After locating the line that holds "Target item: the", copy that line and all that follow it word for word through the end of the data, with no pictures.

◆ **Given information**
********************
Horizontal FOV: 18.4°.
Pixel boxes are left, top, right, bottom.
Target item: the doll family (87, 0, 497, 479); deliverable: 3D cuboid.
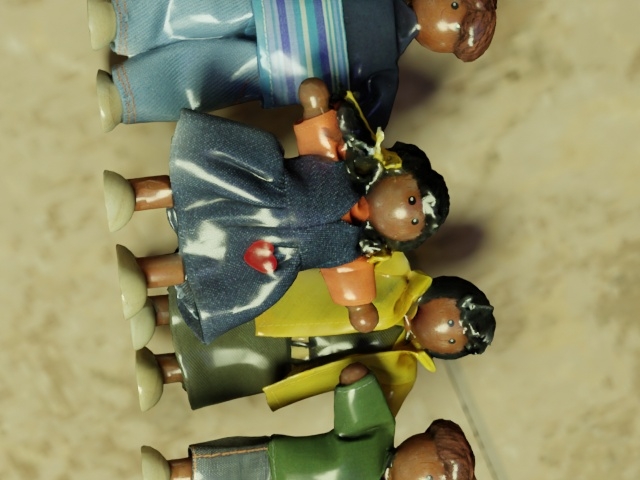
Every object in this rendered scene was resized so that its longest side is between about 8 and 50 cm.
********************
◆ **Task output**
Target item: the doll family (87, 0, 497, 479); deliverable: 3D cuboid.
Every object in this rendered scene was resized so that its longest side is between about 8 and 50 cm.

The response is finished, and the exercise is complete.